Map of life expectancy at birth from Global Education Project.

Monday, February 21, 2005

The "A" word

Well, somebody besides Hillary needs to talk about it. It appears there is a movement underway among some Democrats to find a "moderate" stance on abortion, to look for common ground between "pro life" and "pro choice" constituencies.

Unfortunately, if you cast the conflict in those terms, as public discourse generally does, there isn't any common ground. If human life is somehow sacred, inviolable, or infinitely precious, and a fetus is human life, then a pregnant woman has no right to choose to destroy her fetus, any more than I can choose to rid the world of my obnoxious neighbor. To portray the issue as a conflict between a woman's right to autonomy and a human being's right not to be murdered leads to only one possible conclusion.

Politicians and even the most ardent advocates of the right to choose abortion seldom talk about the real issue here. A fetus is indisputably alive, just as an amoeba, a horse, or a tumor are alive; and it is indisputably a form of human life, in the sense that it can be assigned to the human species and only the human species. The question is whether it is morally, a person, entitled to the respect we accord persons. ("Person," in this case, is used in a specialized sense.) Persons gain respect because they are moral agents -- self-conscious, aware of themselves and their surroundings, capable of planning, choosing, and being morally responsible.
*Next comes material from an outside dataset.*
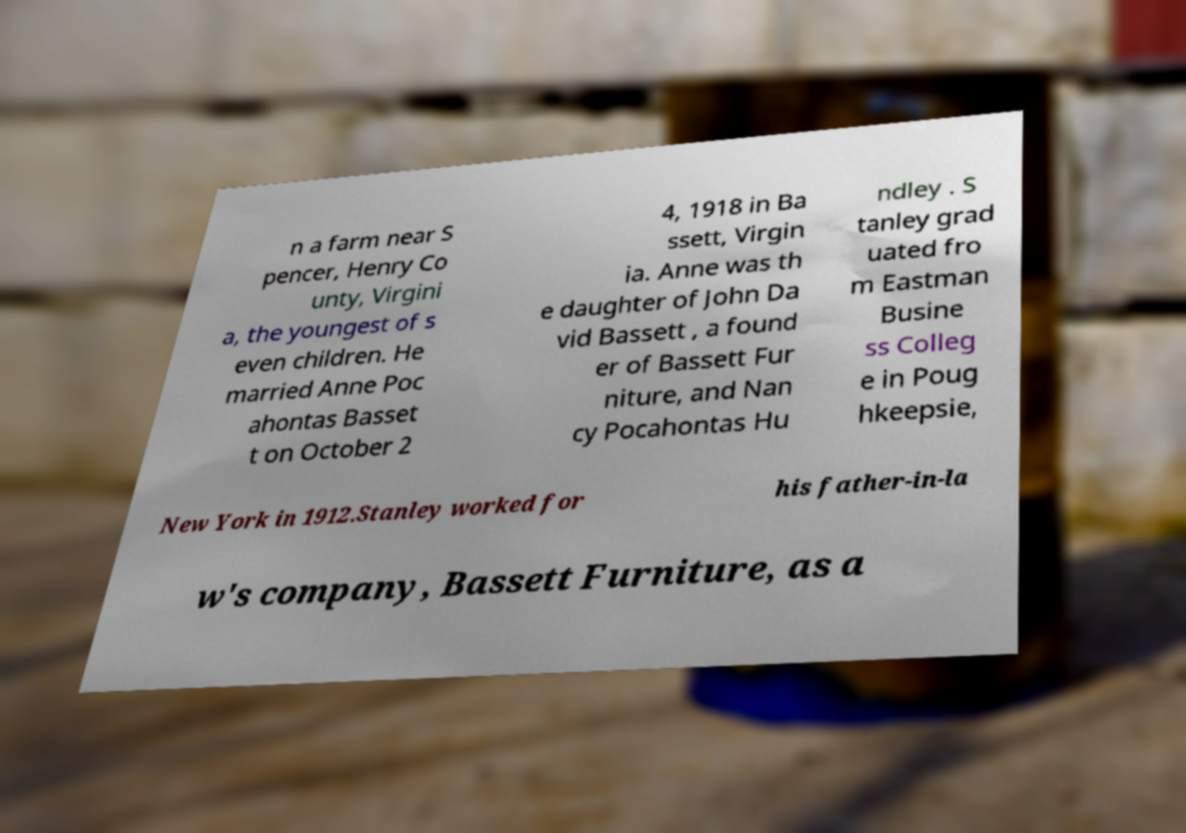There's text embedded in this image that I need extracted. Can you transcribe it verbatim? n a farm near S pencer, Henry Co unty, Virgini a, the youngest of s even children. He married Anne Poc ahontas Basset t on October 2 4, 1918 in Ba ssett, Virgin ia. Anne was th e daughter of John Da vid Bassett , a found er of Bassett Fur niture, and Nan cy Pocahontas Hu ndley . S tanley grad uated fro m Eastman Busine ss Colleg e in Poug hkeepsie, New York in 1912.Stanley worked for his father-in-la w's company, Bassett Furniture, as a

We gain these properties gradually, not by virtue of possessing human DNA but by virtue of the development of our central nervous sytems and the accumulation of experience, knowledge, and connection with others.
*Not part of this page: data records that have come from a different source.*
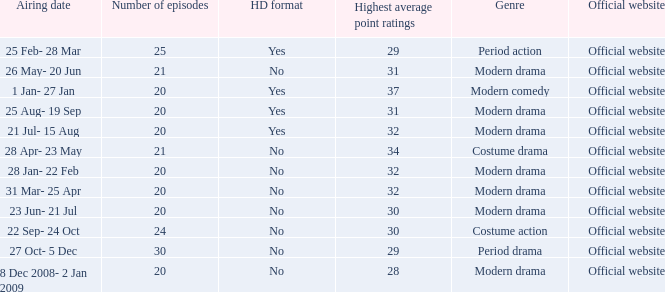What are the number of episodes when the genre is modern drama and the highest average ratings points are 28? 20.0. 
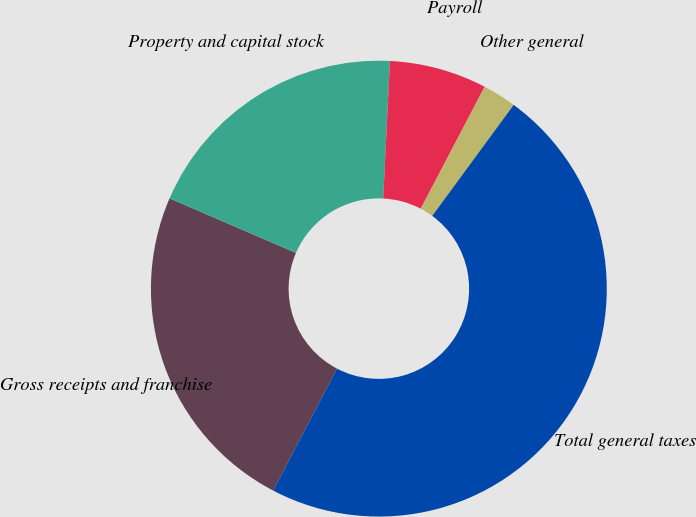Convert chart to OTSL. <chart><loc_0><loc_0><loc_500><loc_500><pie_chart><fcel>Gross receipts and franchise<fcel>Property and capital stock<fcel>Payroll<fcel>Other general<fcel>Total general taxes<nl><fcel>23.81%<fcel>19.29%<fcel>6.91%<fcel>2.39%<fcel>47.59%<nl></chart> 
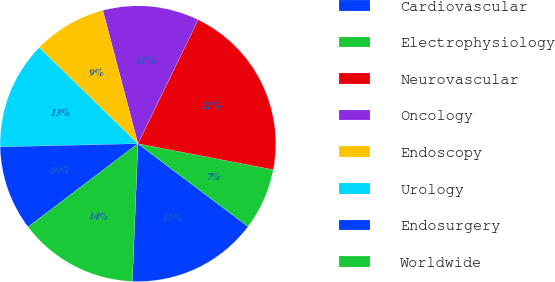Convert chart to OTSL. <chart><loc_0><loc_0><loc_500><loc_500><pie_chart><fcel>Cardiovascular<fcel>Electrophysiology<fcel>Neurovascular<fcel>Oncology<fcel>Endoscopy<fcel>Urology<fcel>Endosurgery<fcel>Worldwide<nl><fcel>15.38%<fcel>7.24%<fcel>20.81%<fcel>11.31%<fcel>8.6%<fcel>12.67%<fcel>9.95%<fcel>14.03%<nl></chart> 
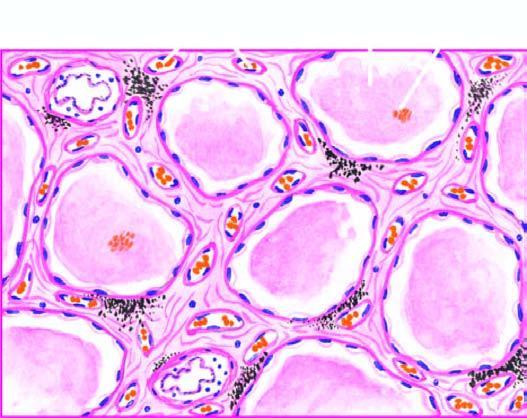re the dead cell seen in singles congested?
Answer the question using a single word or phrase. No

Newborn infants cannot plan, choose, or be morally responsible, but they are at the beginning of awareness of self and the world and clearly they can form connections with others. Late term fetuses undoubtedly have some form of awareness but the earlier in pregnancy, the less they must have, and before they have a well developed frontal cortex they must have none. This is closely related to the moral controversies over maintaining the lives of severely brain damaged individuals, at the other end of life. Is the "human life" of people who cannot communicate, act or perceive infinitely precious, or has their status as persons been so diminished -- as they lack autonomy, awareness, connection with others (except in a purely passive sense) or moral agency -- that it no longer makes sense to preserve their biological life?

It is important to remember that there is not one word anywhere in the Bible about abortion, Old Testament or New, although abortion, and for that matter infanticide, were common in the ancient world. The Catholic Church did not decide that abortion was a sin until the latter 19th Century, at a time when the major cultural issue was the economic, social and sexual liberation of women, not respect for human life -- of which the Church, historically, had very little indeed. It is apparent that many people in the "Right to Life" camp at least subconsciously hold doubts about the personhood of the fetus, as they support the right to abortion in case of rape. How is the moral status of the fetus affected by whether the mother consented to the act which created it? Obviously it isn't. This shows that their true moral concern is with sexual behavior, not life. Many of the same people also condemn contraception, and homosexuality, which is further evidence that the true issue for many people is whether sexuality can be separated from reproduction, not the value of human life.

But for the many people who are sincerely disturbed by the destruction of what they perceive as human life, I ask two questions:

From where does this value derive? Haveyou ever really thought about it?

And why are you not even more passionate about the 29,000 young children around the world, already born, who die every day from readily preventable causes -- a holocaust that exceeds the toll (if that's what is) of abortion in the United States by orders of magnitude?